That being said we all have our favorite bra, the one that looks good, feels good, does amazing things to our decolletage, and we have had FOREVER. Probably longer than we should and we refuse to give it up or just don’t realize that the ‘life expectancy’ of the bra has expired. The life expectancy of a bra is the length of time a bra supports you properly and to its fullest capabilities. This of course is determined by a few factors: how you wear it, how often you wear it, how many bras you have and how often you wash it.
How you wear your bras. You should be wearing your lacy or moulded cup bras for your normal daytime activities. You shouldn’t be wearing them for activities that you will cause you to sweat profusely or for high impact activities. So make sure you have a dedicated sports bra for your trips to the gym, going for long hikes, kayaking or even work if you have a labor intensive job.
How often you wear your bras: Ideally you will wear your bra one day then let it rest for at least one day, this is assuming you have only two bras. If you have multiple bras try and let your favorites rest longer, this will allow them to last longer!
How many bras you have: If you have two bras they will last you maybe 6-8 months, so if you find a bra you love it might be a good idea to get another in the same cut. We recommend a minimum of two bras but ideally three just because it’s nice to have a good bra on laundry day too. The more bras you have in your regular rotation, the longer they will last you.
How often you wash your bras: Believe it or not this actually makes a big difference in how long your bras will last you. Never washing them means your bras will never be free of all the sweat, oils and dead skin which will make the elastic and other materials degrade faster. So washing your bras every 2-3 wears will help them last a good long time.

How you wash your bras: While washing machines are fairly quick and convenient they aren’t always the gentlest on your bras. Hooks can get caught on lace or other clothing and can cause some serious damage. Putting your bras into a lingerie bag will help prevent extra wear during washing. Hand washing will be the gentlest on your items in the long run. But the biggest thing to remember is NEVER put your bras in the dryer!
Here are a few signs your favorite bra has reached the point of giving up: you’ve reached the last set of hook and eye attachments and the band is beginning to ride up, the shoulder straps are falling of your shoulders and never used to, the underwire pokes out or is bent, the fabric is falling apart or has lost its elasticity, and it just doesn’t feel like it’s supporting you like it used to.

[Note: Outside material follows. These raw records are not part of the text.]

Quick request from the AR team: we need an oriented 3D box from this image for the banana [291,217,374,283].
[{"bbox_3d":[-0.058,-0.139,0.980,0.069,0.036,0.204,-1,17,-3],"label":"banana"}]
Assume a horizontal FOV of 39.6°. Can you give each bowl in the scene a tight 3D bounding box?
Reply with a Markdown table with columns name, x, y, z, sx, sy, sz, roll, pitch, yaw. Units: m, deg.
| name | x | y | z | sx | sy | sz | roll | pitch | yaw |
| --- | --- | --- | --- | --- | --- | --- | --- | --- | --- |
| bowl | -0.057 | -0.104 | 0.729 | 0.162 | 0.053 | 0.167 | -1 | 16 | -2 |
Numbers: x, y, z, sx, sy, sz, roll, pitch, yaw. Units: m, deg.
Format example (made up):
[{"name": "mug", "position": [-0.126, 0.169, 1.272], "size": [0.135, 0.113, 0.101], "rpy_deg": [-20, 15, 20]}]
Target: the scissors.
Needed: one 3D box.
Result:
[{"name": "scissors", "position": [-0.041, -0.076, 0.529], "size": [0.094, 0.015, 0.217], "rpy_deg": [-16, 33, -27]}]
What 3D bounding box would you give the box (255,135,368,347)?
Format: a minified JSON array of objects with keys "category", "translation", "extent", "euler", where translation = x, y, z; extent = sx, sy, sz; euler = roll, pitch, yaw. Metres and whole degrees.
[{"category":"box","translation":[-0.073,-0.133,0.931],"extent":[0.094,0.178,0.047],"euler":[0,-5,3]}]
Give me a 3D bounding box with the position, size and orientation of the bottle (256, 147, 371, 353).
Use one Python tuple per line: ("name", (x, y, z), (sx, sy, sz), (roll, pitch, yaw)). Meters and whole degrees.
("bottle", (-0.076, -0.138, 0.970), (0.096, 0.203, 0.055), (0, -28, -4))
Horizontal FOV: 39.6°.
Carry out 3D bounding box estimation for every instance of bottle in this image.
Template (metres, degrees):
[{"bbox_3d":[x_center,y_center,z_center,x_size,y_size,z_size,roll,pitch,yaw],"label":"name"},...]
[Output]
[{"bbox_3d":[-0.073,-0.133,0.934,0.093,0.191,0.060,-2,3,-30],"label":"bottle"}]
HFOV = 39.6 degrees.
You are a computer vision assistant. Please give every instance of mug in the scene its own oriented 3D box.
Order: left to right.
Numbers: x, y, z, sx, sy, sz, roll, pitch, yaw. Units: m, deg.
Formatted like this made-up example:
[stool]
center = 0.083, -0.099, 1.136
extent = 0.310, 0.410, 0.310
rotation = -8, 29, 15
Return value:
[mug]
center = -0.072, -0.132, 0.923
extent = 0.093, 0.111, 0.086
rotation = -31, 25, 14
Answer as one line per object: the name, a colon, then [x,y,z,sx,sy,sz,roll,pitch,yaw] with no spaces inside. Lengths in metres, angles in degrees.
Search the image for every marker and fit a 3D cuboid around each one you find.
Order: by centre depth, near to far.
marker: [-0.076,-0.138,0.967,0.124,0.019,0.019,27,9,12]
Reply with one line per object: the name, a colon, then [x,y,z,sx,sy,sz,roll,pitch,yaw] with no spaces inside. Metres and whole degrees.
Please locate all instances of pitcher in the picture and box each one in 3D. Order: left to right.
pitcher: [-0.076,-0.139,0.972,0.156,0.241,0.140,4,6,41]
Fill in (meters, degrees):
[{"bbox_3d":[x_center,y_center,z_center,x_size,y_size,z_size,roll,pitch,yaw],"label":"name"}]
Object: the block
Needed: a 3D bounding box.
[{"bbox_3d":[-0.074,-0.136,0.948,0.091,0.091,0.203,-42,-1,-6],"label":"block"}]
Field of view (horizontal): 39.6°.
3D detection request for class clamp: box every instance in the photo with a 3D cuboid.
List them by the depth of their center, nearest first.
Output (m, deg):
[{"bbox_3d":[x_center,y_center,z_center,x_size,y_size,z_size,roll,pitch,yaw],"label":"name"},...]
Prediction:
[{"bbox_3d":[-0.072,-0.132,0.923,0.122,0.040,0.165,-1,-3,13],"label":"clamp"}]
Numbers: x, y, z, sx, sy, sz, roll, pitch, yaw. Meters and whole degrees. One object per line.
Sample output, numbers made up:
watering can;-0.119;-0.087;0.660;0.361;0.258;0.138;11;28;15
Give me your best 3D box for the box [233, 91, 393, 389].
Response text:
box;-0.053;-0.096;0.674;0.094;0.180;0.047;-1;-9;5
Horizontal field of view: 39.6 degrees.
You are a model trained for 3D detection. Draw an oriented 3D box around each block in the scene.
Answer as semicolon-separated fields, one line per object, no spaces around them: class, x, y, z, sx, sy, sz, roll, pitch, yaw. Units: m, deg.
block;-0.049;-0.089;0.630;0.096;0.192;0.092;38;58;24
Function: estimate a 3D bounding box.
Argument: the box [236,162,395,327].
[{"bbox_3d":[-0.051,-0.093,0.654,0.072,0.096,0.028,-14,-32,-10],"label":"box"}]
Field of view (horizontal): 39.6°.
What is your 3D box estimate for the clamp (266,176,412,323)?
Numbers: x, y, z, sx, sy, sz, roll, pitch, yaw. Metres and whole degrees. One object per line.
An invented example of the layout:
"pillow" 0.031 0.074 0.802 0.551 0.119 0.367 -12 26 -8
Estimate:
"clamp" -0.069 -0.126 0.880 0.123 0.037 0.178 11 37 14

When you’ve reached the last set of hook and eye attachments and the band is riding up, doing the bridge or looking like a rainbow, it’s definitely time to get a new bra! You have hopefully been noticing how your bra doesn’t quite fit as well as it did when you first bought it a few months ago and have moved from the first set to the second set of hook and eye attachments. Typically this happens every few months, longer if you have more bras, and it should make the bra feel supportive again. After you’ve gone to the last set of hook and eye and the band is beginning to feel loose it’s time for a new bra!
The shoulder straps falling off is another sign that the bra is getting old. Once those straps stretch out too far they’re more likely to slide around and slip off your shoulders. If you can no longer keep them taut but comfortable it’s probably time to look for a replacement.
If the underwire is poking out at any point it is time for a new bra! Underwires do not belong outside of the bra and if you have sewn it in because you love the bra please say goodbye and find a new favorite!
When the fabric is beginning to fall apart it is definitely time for a new bra. This may happen sooner than many of the other signs, especially if you aren’t washing your bras regularly or are using them for things they aren’t meant to be used for. When the lace loses its elasticity, the foam of the cup begins to crease or dimple, the band no longer stretches and the fabrics generally look like they are dingy and fraying it’s time to look into getting a new bra.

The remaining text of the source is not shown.